- [Your instructions]: Go through the records below from the first line and print each one exactly, stopping after the line that contains "17) delivery robot (553,452,606,502)". Do not print pictures or anything past that line.

Recorded data
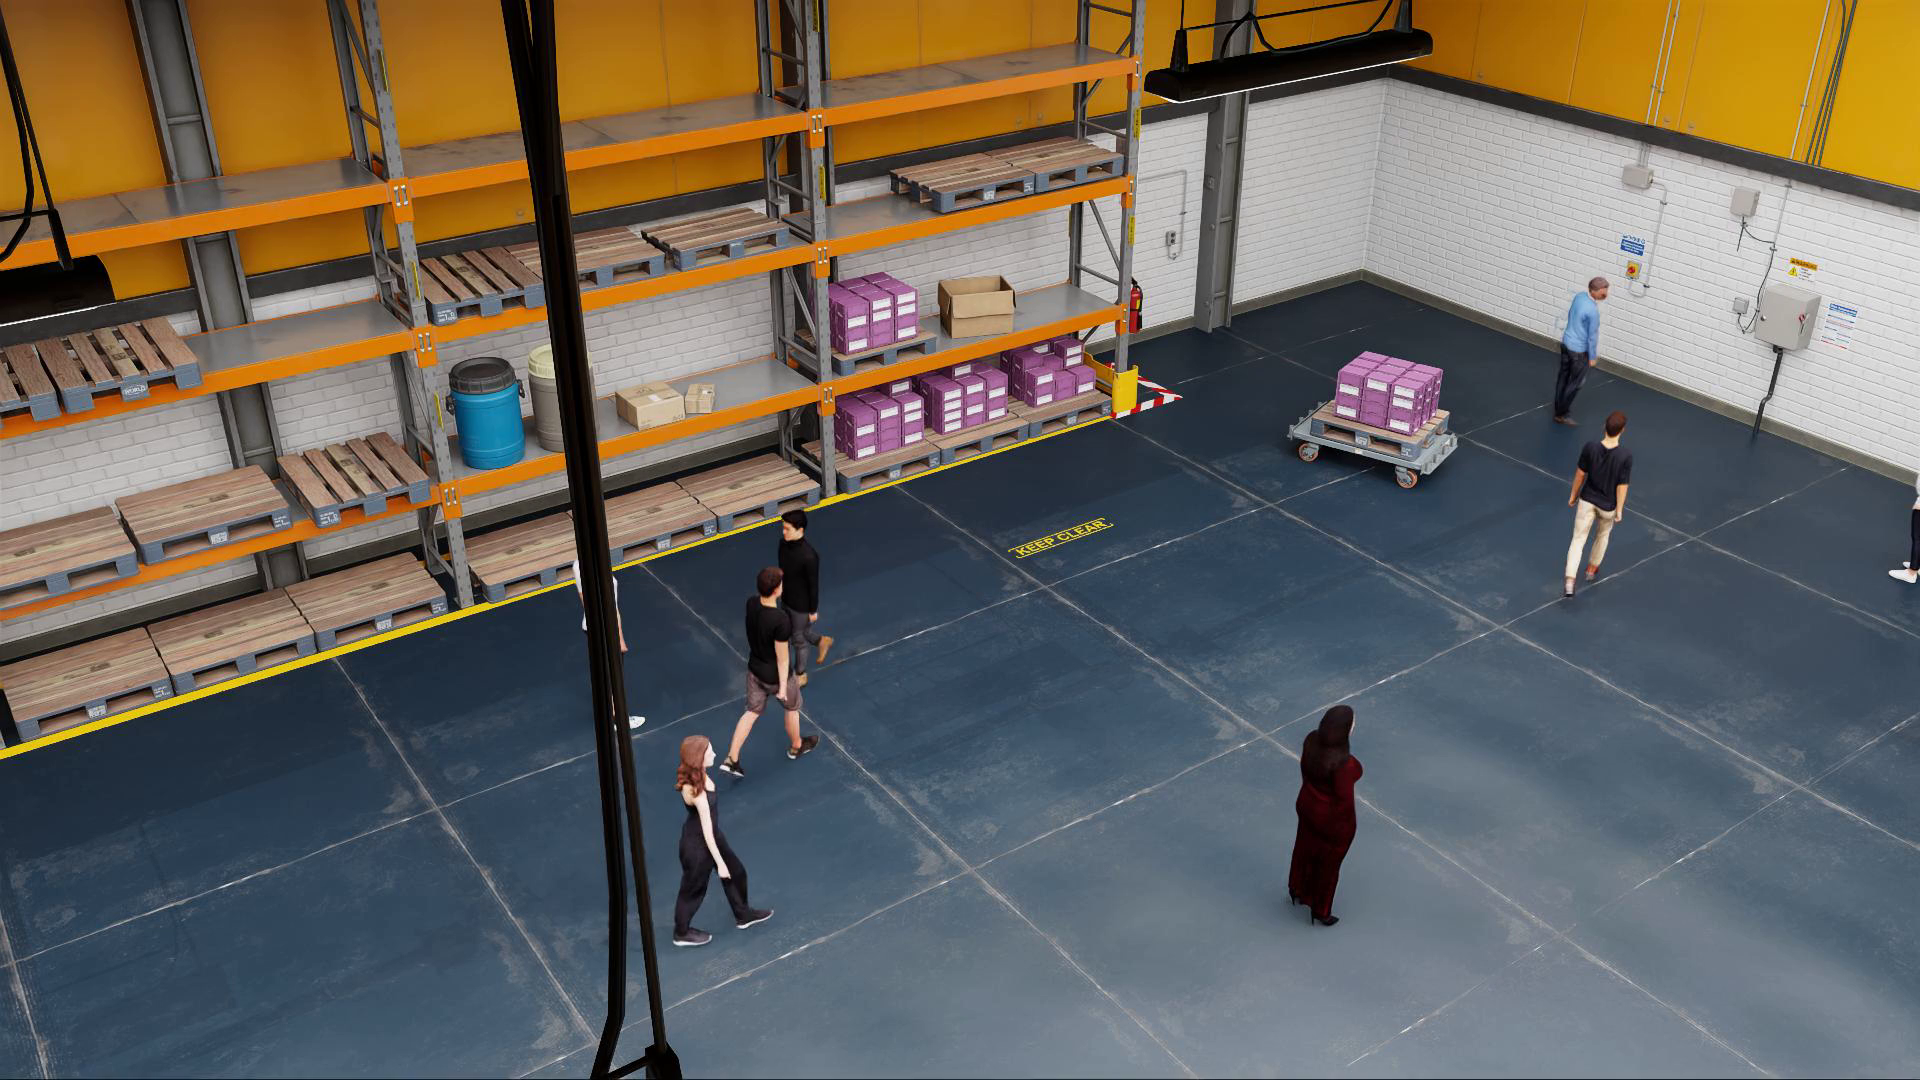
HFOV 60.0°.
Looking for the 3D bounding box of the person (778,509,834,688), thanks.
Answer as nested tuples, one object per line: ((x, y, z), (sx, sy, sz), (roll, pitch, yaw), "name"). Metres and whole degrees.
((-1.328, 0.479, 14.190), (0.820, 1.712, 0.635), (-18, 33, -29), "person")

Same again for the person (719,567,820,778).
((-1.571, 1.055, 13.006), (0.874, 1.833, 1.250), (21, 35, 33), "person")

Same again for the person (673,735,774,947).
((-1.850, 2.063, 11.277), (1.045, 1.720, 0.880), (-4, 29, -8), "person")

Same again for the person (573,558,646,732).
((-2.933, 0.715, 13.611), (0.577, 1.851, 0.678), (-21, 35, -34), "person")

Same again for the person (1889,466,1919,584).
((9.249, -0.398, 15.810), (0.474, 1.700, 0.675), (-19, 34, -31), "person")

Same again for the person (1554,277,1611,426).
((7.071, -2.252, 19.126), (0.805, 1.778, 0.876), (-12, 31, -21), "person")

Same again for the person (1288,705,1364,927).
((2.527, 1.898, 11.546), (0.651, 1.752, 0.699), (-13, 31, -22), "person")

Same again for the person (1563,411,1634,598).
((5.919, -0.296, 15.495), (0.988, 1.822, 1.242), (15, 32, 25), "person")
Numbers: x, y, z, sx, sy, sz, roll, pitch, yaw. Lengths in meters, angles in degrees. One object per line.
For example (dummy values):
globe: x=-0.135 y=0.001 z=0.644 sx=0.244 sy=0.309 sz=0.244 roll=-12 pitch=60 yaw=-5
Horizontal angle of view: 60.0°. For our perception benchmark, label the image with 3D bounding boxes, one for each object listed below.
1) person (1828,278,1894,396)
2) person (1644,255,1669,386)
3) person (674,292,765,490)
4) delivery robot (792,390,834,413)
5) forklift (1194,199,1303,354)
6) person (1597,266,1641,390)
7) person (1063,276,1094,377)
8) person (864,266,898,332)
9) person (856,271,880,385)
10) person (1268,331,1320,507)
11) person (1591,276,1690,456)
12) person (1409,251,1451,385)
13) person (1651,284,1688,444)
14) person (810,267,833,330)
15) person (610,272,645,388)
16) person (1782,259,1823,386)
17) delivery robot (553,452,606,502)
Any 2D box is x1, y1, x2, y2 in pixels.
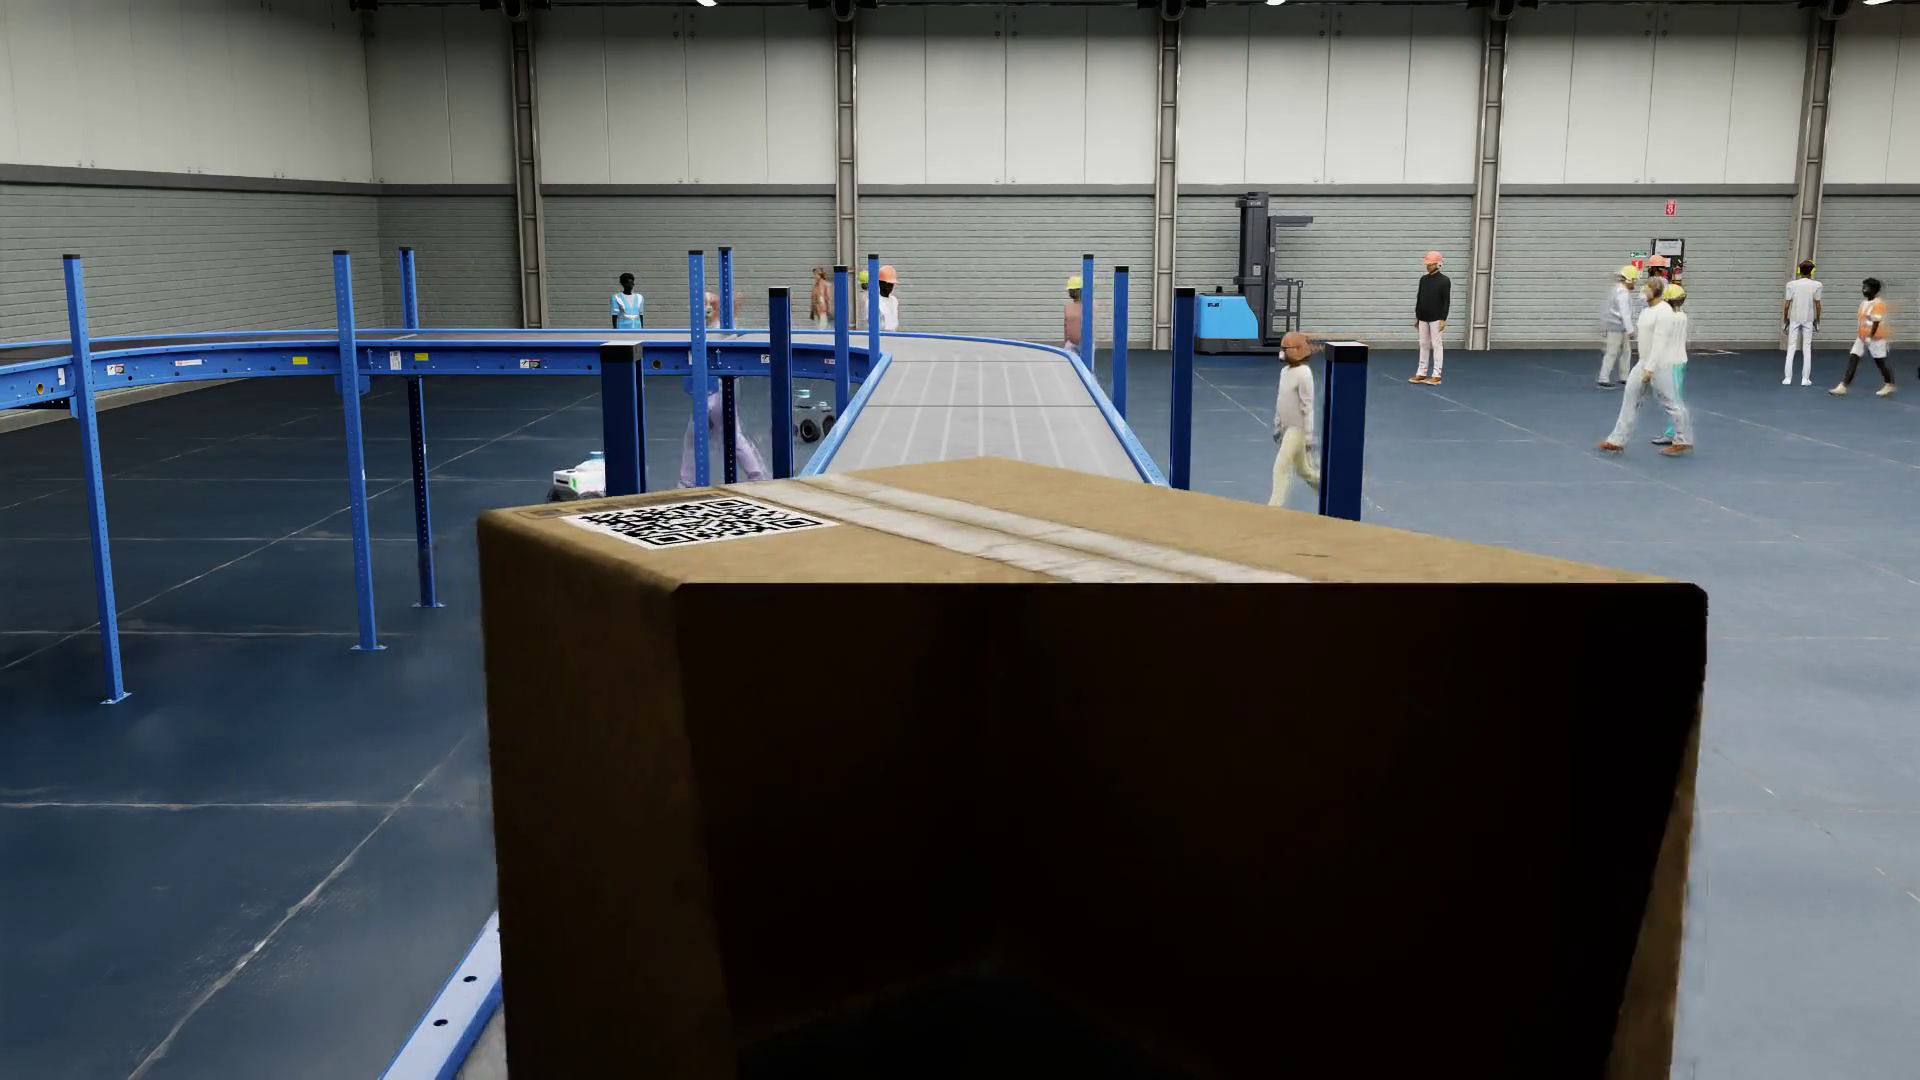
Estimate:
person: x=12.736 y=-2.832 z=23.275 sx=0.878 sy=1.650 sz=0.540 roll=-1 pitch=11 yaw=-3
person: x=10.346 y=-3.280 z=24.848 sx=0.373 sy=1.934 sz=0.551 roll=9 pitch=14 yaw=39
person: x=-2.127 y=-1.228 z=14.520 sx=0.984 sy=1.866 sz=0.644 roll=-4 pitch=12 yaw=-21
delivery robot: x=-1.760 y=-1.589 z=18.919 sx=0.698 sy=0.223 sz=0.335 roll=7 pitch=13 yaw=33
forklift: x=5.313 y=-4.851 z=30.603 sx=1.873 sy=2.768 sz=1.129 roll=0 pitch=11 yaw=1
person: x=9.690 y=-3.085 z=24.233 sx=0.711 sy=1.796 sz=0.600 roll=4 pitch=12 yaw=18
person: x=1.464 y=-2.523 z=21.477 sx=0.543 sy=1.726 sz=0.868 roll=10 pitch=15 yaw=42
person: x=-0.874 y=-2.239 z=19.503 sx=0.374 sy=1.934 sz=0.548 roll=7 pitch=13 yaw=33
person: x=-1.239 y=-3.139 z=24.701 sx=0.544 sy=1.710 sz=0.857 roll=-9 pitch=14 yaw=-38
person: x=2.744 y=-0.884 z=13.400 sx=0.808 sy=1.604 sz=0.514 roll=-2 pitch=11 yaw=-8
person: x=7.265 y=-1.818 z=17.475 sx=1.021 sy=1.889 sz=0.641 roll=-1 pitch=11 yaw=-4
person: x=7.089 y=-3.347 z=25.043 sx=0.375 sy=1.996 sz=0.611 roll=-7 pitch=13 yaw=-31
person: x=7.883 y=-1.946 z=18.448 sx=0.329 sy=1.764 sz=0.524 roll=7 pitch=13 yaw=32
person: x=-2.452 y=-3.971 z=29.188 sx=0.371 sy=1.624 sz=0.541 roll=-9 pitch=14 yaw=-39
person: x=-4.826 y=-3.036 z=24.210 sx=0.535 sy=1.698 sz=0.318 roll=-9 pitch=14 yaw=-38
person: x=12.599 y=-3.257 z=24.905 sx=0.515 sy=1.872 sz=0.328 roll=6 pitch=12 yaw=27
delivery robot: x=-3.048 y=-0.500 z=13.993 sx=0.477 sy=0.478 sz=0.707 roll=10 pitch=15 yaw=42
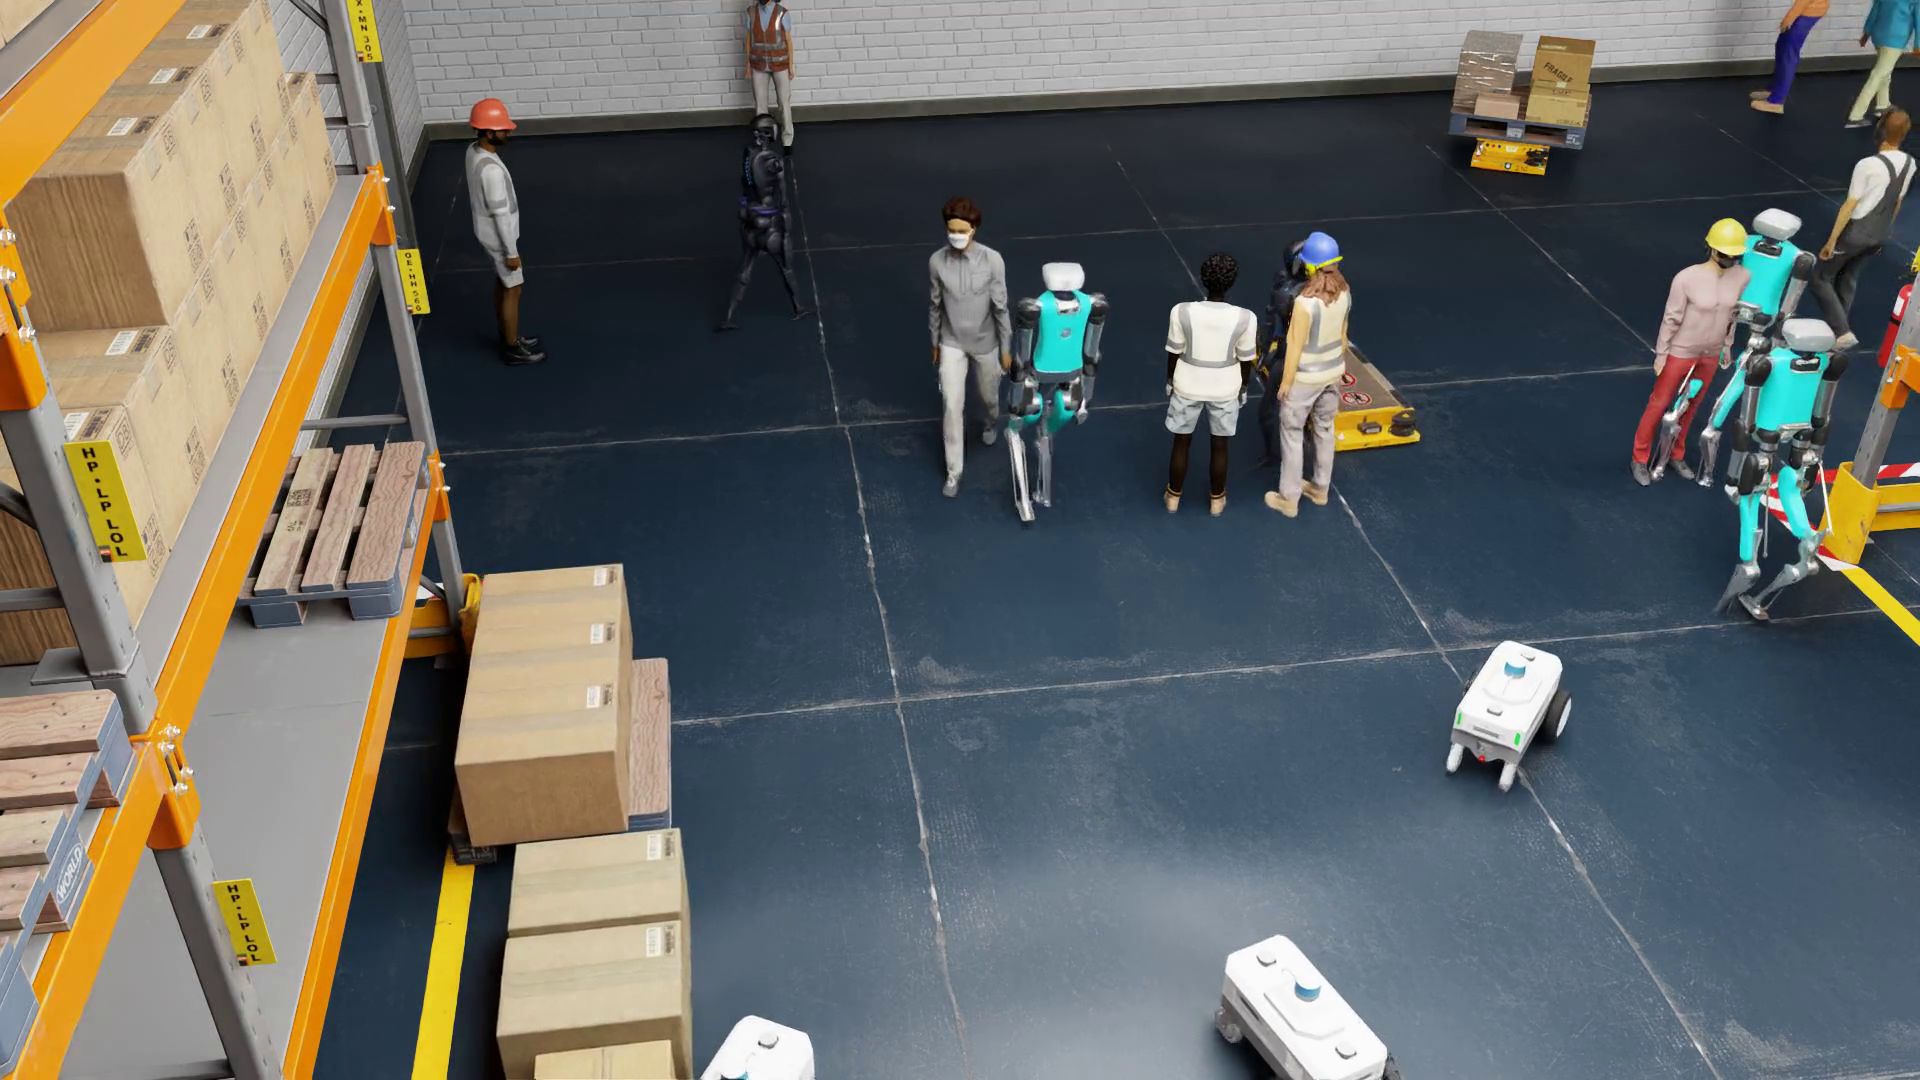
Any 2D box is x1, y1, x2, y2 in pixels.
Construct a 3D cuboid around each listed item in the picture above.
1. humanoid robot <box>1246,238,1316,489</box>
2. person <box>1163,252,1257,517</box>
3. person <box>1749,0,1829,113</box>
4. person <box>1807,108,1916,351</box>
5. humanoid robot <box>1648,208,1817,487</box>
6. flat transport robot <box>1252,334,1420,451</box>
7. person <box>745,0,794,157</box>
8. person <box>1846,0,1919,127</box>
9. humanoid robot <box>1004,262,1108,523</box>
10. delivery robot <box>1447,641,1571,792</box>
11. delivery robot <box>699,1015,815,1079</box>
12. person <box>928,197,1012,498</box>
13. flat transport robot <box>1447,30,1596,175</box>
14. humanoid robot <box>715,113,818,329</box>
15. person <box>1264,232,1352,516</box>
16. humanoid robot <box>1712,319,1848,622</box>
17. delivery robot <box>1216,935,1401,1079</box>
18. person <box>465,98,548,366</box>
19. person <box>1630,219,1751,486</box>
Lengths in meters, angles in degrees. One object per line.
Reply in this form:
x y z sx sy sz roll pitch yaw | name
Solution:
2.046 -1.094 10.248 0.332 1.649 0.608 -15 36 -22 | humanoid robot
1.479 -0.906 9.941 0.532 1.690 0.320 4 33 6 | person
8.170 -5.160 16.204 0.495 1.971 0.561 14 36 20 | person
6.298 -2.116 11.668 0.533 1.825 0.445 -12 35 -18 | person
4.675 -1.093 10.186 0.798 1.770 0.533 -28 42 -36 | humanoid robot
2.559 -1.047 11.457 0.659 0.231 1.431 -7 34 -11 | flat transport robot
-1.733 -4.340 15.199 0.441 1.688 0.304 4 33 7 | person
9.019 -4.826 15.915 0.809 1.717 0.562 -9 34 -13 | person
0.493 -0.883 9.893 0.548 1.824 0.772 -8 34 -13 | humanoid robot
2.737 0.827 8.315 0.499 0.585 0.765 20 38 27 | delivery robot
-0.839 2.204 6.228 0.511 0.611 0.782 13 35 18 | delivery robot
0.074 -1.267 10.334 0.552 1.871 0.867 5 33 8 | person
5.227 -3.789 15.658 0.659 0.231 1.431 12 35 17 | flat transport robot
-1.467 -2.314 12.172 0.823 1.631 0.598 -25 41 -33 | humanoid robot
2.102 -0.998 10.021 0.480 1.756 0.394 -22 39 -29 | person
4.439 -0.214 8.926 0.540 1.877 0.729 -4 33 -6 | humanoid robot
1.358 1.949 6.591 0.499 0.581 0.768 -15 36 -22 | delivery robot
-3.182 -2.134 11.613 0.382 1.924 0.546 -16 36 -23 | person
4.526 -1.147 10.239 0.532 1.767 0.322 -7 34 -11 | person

- [Written solution]:
HFOV 60.0°.
Looking for the 3D bounding box of the person (778,509,834,688), thanks.
Answer as nested tuples, one object per line: ((x, y, z), (sx, sy, sz), (roll, pitch, yaw), "name"). Metres and whole degrees.
((-1.328, 0.479, 14.190), (0.820, 1.712, 0.635), (-18, 33, -29), "person")

Same again for the person (719,567,820,778).
((-1.571, 1.055, 13.006), (0.874, 1.833, 1.250), (21, 35, 33), "person")

Same again for the person (673,735,774,947).
((-1.850, 2.063, 11.277), (1.045, 1.720, 0.880), (-4, 29, -8), "person")

Same again for the person (573,558,646,732).
((-2.933, 0.715, 13.611), (0.577, 1.851, 0.678), (-21, 35, -34), "person")

Same again for the person (1889,466,1919,584).
((9.249, -0.398, 15.810), (0.474, 1.700, 0.675), (-19, 34, -31), "person")

Same again for the person (1554,277,1611,426).
((7.071, -2.252, 19.126), (0.805, 1.778, 0.876), (-12, 31, -21), "person")

Same again for the person (1288,705,1364,927).
((2.527, 1.898, 11.546), (0.651, 1.752, 0.699), (-13, 31, -22), "person")

Same again for the person (1563,411,1634,598).
((5.919, -0.296, 15.495), (0.988, 1.822, 1.242), (15, 32, 25), "person")
Numbers: x, y, z, sx, sy, sz, roll, pitch, yaw. Lengths in meters, angles in degrees. One object per line.
For example (dummy values):
globe: x=-0.135 y=0.001 z=0.644 sx=0.244 sy=0.309 sz=0.244 roll=-12 pitch=60 yaw=-5
Horizontal angle of view: 60.0°. For our perception benchmark, label the image with 3D bounding boxes, one for each object listed below.
1) person (1828,278,1894,396)
2) person (1644,255,1669,386)
3) person (674,292,765,490)
4) delivery robot (792,390,834,413)
5) forklift (1194,199,1303,354)
6) person (1597,266,1641,390)
7) person (1063,276,1094,377)
8) person (864,266,898,332)
9) person (856,271,880,385)
10) person (1268,331,1320,507)
11) person (1591,276,1690,456)
12) person (1409,251,1451,385)
13) person (1651,284,1688,444)
14) person (810,267,833,330)
15) person (610,272,645,388)
16) person (1782,259,1823,386)
17) delivery robot (553,452,606,502)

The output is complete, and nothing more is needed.